25. A method of determining the relative temperature of a first and second portion of a lumen of a living being, the method comprising:
receiving a first thermally generated acoustic wave from the first portion of the lumen of the living being;
generating a first output signal based on the first thermally generated acoustic wave, the first output signal corresponding to an intensity of the first thermally generated acoustic wave;
receiving a second thermally generated acoustic wave from the second portion of the lumen of the living being;
generating a second output signal based on the second thermally generated acoustic wave, the second output signal corresponding to an intensity of the second thermally generated acoustic wave; and
determining the relative temperatures of the first and second portions of the lumen based on the first and second output signals.
26. The method of claim 25, further comprising rotating a transducer radially within the lumen such that the transducer is able to receive the first thermally generated acoustic wave from the first portion of the lumen.
27. The method of claim 25, further comprising moving the transducer axially within the lumen such that the transducer is able to receive the first thermally generated acoustic wave from the first portion of the lumen.
28. The method of claim 25, further comprising:
amplifying the first output signal;
integrating the amplified first output signal; and
calculating a temperature of the lumen based on the integrated first output signal.
29. The method of claim 26, further comprising displaying the temperature of the first portion of the lumen on a display.
30. The method of claim 29, further comprising displaying the temperature of the first portion of the lumen on the display in a color-coded format.
31. The method of claim 29, further comprising displaying the temperature of the first portion of the lumen on the display in a multi-dimensional format.
32. The method of claim 29, further comprising displaying the temperature of the first portion of the lumen on a display in near real time.
33. The method of claim 25, further comprising:
sending an excitation pulse to a transducer configured to cause the transducer to send an acoustic pulse;
receiving a third output signal generated by the transducer, the third output signal generated by the transducer in response to reception of the acoustic pulse echoed by the lumen; and
determining a topology of the lumen.
34. The method of claim 33, further comprising displaying an image of the topology of the lumen.
35. The method of claim 34, wherein the temperature of the lumen is mapped onto the image of the topology of the lumen.
36. The method of claim 25, further comprising treating a portion of the lumen based on the relative temperatures.
37. A method of fabricating a catheter, comprising:
providing an elongated, tubular member having a distal end and a proximal end; and
inserting a transducer into the distal end of the elongated member, the transducer when located within a lumen of a living being is adapted to receive a thermally generated acoustic wave from a portion of the lumen and output a signal based on the intensity of the thermally generated acoustic wave.
38. The method of claim 37, further comprising coupling the transducer with a drive shaft and a signal line prior to inserting the transducer into the elongated member, wherein the drive shaft and the signal line extend proximately from the transducer along a center axis of the elongated member.

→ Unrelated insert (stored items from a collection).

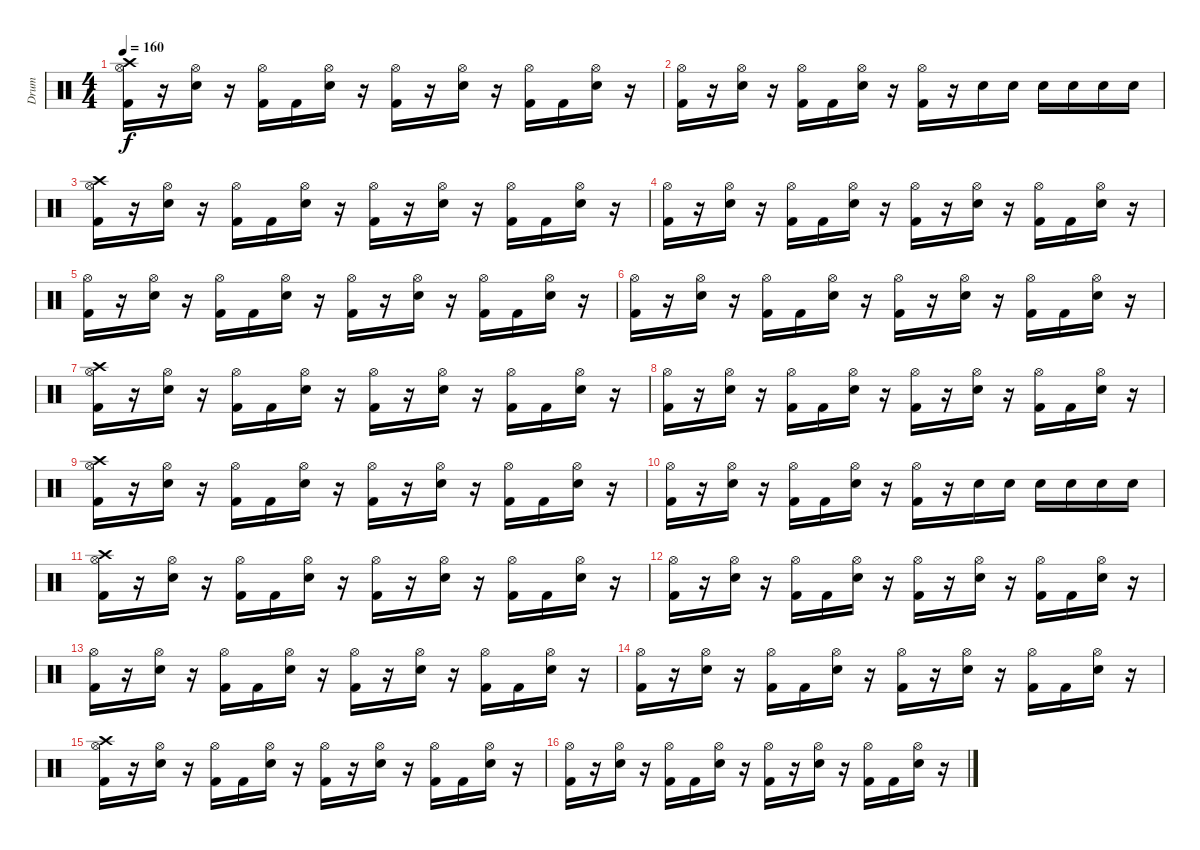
\track ("Drum" "Drum") {instrument percussion}
\staff {score}
\articulation defaults
\ts (4 4)
\tempo 160
\clef neutral
\ks c
("Crash high (hit)" "Hi-Hat (open)" "Kick (hit) 2").16{dy f} r.16 ("Hi-Hat (open)" "Electric Snare (hit)").16 r.16 ("Hi-Hat (open)" "Kick (hit) 2").16 "Kick (hit) 2".16 ("Hi-Hat (open)" "Electric Snare (hit)").16 r.16 ("Hi-Hat (open)" "Kick (hit) 2").16 r.16 ("Hi-Hat (open)" "Electric Snare (hit)").16 r.16 ("Hi-Hat (open)" "Kick (hit) 2").16 "Kick (hit) 2".16 ("Hi-Hat (open)" "Electric Snare (hit)").16 r.16 |
("Hi-Hat (open)" "Kick (hit) 2").16 r.16 ("Hi-Hat (open)" "Electric Snare (hit)").16 r.16 ("Hi-Hat (open)" "Kick (hit) 2").16 "Kick (hit) 2".16 ("Hi-Hat (open)" "Electric Snare (hit)").16 r.16 ("Hi-Hat (open)" "Kick (hit) 2").16 r.16 "Electric Snare (hit)".16 "Electric Snare (hit)".16 "Electric Snare (hit)".16 "Electric Snare (hit)".16 "Electric Snare (hit)".16 "Electric Snare (hit)".16 |
("Crash high (hit)" "Hi-Hat (open)" "Kick (hit) 2").16 r.16 ("Hi-Hat (open)" "Electric Snare (hit)").16 r.16 ("Hi-Hat (open)" "Kick (hit) 2").16 "Kick (hit) 2".16 ("Hi-Hat (open)" "Electric Snare (hit)").16 r.16 ("Hi-Hat (open)" "Kick (hit) 2").16 r.16 ("Hi-Hat (open)" "Electric Snare (hit)").16 r.16 ("Hi-Hat (open)" "Kick (hit) 2").16 "Kick (hit) 2".16 ("Hi-Hat (open)" "Electric Snare (hit)").16 r.16 |
("Hi-Hat (open)" "Kick (hit) 2").16 r.16 ("Hi-Hat (open)" "Electric Snare (hit)").16 r.16 ("Hi-Hat (open)" "Kick (hit) 2").16 "Kick (hit) 2".16 ("Hi-Hat (open)" "Electric Snare (hit)").16 r.16 ("Hi-Hat (open)" "Kick (hit) 2").16 r.16 ("Hi-Hat (open)" "Electric Snare (hit)").16 r.16 ("Hi-Hat (open)" "Kick (hit) 2").16 "Kick (hit) 2".16 ("Hi-Hat (open)" "Electric Snare (hit)").16 r.16 |
("Hi-Hat (open)" "Kick (hit) 2").16 r.16 ("Hi-Hat (open)" "Electric Snare (hit)").16 r.16 ("Hi-Hat (open)" "Kick (hit) 2").16 "Kick (hit) 2".16 ("Hi-Hat (open)" "Electric Snare (hit)").16 r.16 ("Hi-Hat (open)" "Kick (hit) 2").16 r.16 ("Hi-Hat (open)" "Electric Snare (hit)").16 r.16 ("Hi-Hat (open)" "Kick (hit) 2").16 "Kick (hit) 2".16 ("Hi-Hat (open)" "Electric Snare (hit)").16 r.16 |
("Hi-Hat (open)" "Kick (hit) 2").16 r.16 ("Hi-Hat (open)" "Electric Snare (hit)").16 r.16 ("Hi-Hat (open)" "Kick (hit) 2").16 "Kick (hit) 2".16 ("Hi-Hat (open)" "Electric Snare (hit)").16 r.16 ("Hi-Hat (open)" "Kick (hit) 2").16 r.16 ("Hi-Hat (open)" "Electric Snare (hit)").16 r.16 ("Hi-Hat (open)" "Kick (hit) 2").16 "Kick (hit) 2".16 ("Hi-Hat (open)" "Electric Snare (hit)").16 r.16 |
("Crash high (hit)" "Hi-Hat (open)" "Kick (hit) 2").16 r.16 ("Hi-Hat (open)" "Electric Snare (hit)").16 r.16 ("Hi-Hat (open)" "Kick (hit) 2").16 "Kick (hit) 2".16 ("Hi-Hat (open)" "Electric Snare (hit)").16 r.16 ("Hi-Hat (open)" "Kick (hit) 2").16 r.16 ("Hi-Hat (open)" "Electric Snare (hit)").16 r.16 ("Hi-Hat (open)" "Kick (hit) 2").16 "Kick (hit) 2".16 ("Hi-Hat (open)" "Electric Snare (hit)").16 r.16 |
("Hi-Hat (open)" "Kick (hit) 2").16 r.16 ("Hi-Hat (open)" "Electric Snare (hit)").16 r.16 ("Hi-Hat (open)" "Kick (hit) 2").16 "Kick (hit) 2".16 ("Hi-Hat (open)" "Electric Snare (hit)").16 r.16 ("Hi-Hat (open)" "Kick (hit) 2").16 r.16 ("Hi-Hat (open)" "Electric Snare (hit)").16 r.16 ("Hi-Hat (open)" "Kick (hit) 2").16 "Kick (hit) 2".16 ("Hi-Hat (open)" "Electric Snare (hit)").16 r.16 |
("Crash high (hit)" "Hi-Hat (open)" "Kick (hit) 2").16 r.16 ("Hi-Hat (open)" "Electric Snare (hit)").16 r.16 ("Hi-Hat (open)" "Kick (hit) 2").16 "Kick (hit) 2".16 ("Hi-Hat (open)" "Electric Snare (hit)").16 r.16 ("Hi-Hat (open)" "Kick (hit) 2").16 r.16 ("Hi-Hat (open)" "Electric Snare (hit)").16 r.16 ("Hi-Hat (open)" "Kick (hit) 2").16 "Kick (hit) 2".16 ("Hi-Hat (open)" "Electric Snare (hit)").16 r.16 |
("Hi-Hat (open)" "Kick (hit) 2").16 r.16 ("Hi-Hat (open)" "Electric Snare (hit)").16 r.16 ("Hi-Hat (open)" "Kick (hit) 2").16 "Kick (hit) 2".16 ("Hi-Hat (open)" "Electric Snare (hit)").16 r.16 ("Hi-Hat (open)" "Kick (hit) 2").16 r.16 "Electric Snare (hit)".16 "Electric Snare (hit)".16 "Electric Snare (hit)".16 "Electric Snare (hit)".16 "Electric Snare (hit)".16 "Electric Snare (hit)".16 |
("Crash high (hit)" "Hi-Hat (open)" "Kick (hit) 2").16 r.16 ("Hi-Hat (open)" "Electric Snare (hit)").16 r.16 ("Hi-Hat (open)" "Kick (hit) 2").16 "Kick (hit) 2".16 ("Hi-Hat (open)" "Electric Snare (hit)").16 r.16 ("Hi-Hat (open)" "Kick (hit) 2").16 r.16 ("Hi-Hat (open)" "Electric Snare (hit)").16 r.16 ("Hi-Hat (open)" "Kick (hit) 2").16 "Kick (hit) 2".16 ("Hi-Hat (open)" "Electric Snare (hit)").16 r.16 |
("Hi-Hat (open)" "Kick (hit) 2").16 r.16 ("Hi-Hat (open)" "Electric Snare (hit)").16 r.16 ("Hi-Hat (open)" "Kick (hit) 2").16 "Kick (hit) 2".16 ("Hi-Hat (open)" "Electric Snare (hit)").16 r.16 ("Hi-Hat (open)" "Kick (hit) 2").16 r.16 ("Hi-Hat (open)" "Electric Snare (hit)").16 r.16 ("Hi-Hat (open)" "Kick (hit) 2").16 "Kick (hit) 2".16 ("Hi-Hat (open)" "Electric Snare (hit)").16 r.16 |
("Hi-Hat (open)" "Kick (hit) 2").16 r.16 ("Hi-Hat (open)" "Electric Snare (hit)").16 r.16 ("Hi-Hat (open)" "Kick (hit) 2").16 "Kick (hit) 2".16 ("Hi-Hat (open)" "Electric Snare (hit)").16 r.16 ("Hi-Hat (open)" "Kick (hit) 2").16 r.16 ("Hi-Hat (open)" "Electric Snare (hit)").16 r.16 ("Hi-Hat (open)" "Kick (hit) 2").16 "Kick (hit) 2".16 ("Hi-Hat (open)" "Electric Snare (hit)").16 r.16 |
("Hi-Hat (open)" "Kick (hit) 2").16 r.16 ("Hi-Hat (open)" "Electric Snare (hit)").16 r.16 ("Hi-Hat (open)" "Kick (hit) 2").16 "Kick (hit) 2".16 ("Hi-Hat (open)" "Electric Snare (hit)").16 r.16 ("Hi-Hat (open)" "Kick (hit) 2").16 r.16 ("Hi-Hat (open)" "Electric Snare (hit)").16 r.16 ("Hi-Hat (open)" "Kick (hit) 2").16 "Kick (hit) 2".16 ("Hi-Hat (open)" "Electric Snare (hit)").16 r.16 |
("Crash high (hit)" "Hi-Hat (open)" "Kick (hit) 2").16 r.16 ("Hi-Hat (open)" "Electric Snare (hit)").16 r.16 ("Hi-Hat (open)" "Kick (hit) 2").16 "Kick (hit) 2".16 ("Hi-Hat (open)" "Electric Snare (hit)").16 r.16 ("Hi-Hat (open)" "Kick (hit) 2").16 r.16 ("Hi-Hat (open)" "Electric Snare (hit)").16 r.16 ("Hi-Hat (open)" "Kick (hit) 2").16 "Kick (hit) 2".16 ("Hi-Hat (open)" "Electric Snare (hit)").16 r.16 |
("Hi-Hat (open)" "Kick (hit) 2").16 r.16 ("Hi-Hat (open)" "Electric Snare (hit)").16 r.16 ("Hi-Hat (open)" "Kick (hit) 2").16 "Kick (hit) 2".16 ("Hi-Hat (open)" "Electric Snare (hit)").16 r.16 ("Hi-Hat (open)" "Kick (hit) 2").16 r.16 ("Hi-Hat (open)" "Electric Snare (hit)").16 r.16 ("Hi-Hat (open)" "Kick (hit) 2").16 "Kick (hit) 2".16 ("Hi-Hat (open)" "Electric Snare (hit)").16 r.16

39. The method of claim 38, further comprising:
coupling the drive shaft with a control system configured to rotate the transducer; and
coupling the signal line with an imaging system configured to determine the temperature of a portion of the lumen based upon the output signal generated by the transducer.
40. A method of generating an intraluminal image, comprising:
positioning an acoustic transducer within a lumen of a living being;
generating an image of the lumen based upon an energy source from within the transducer; and
generating a temperature map and displaying with the image so that both morphological and thermometric properties of the lumen are displayed.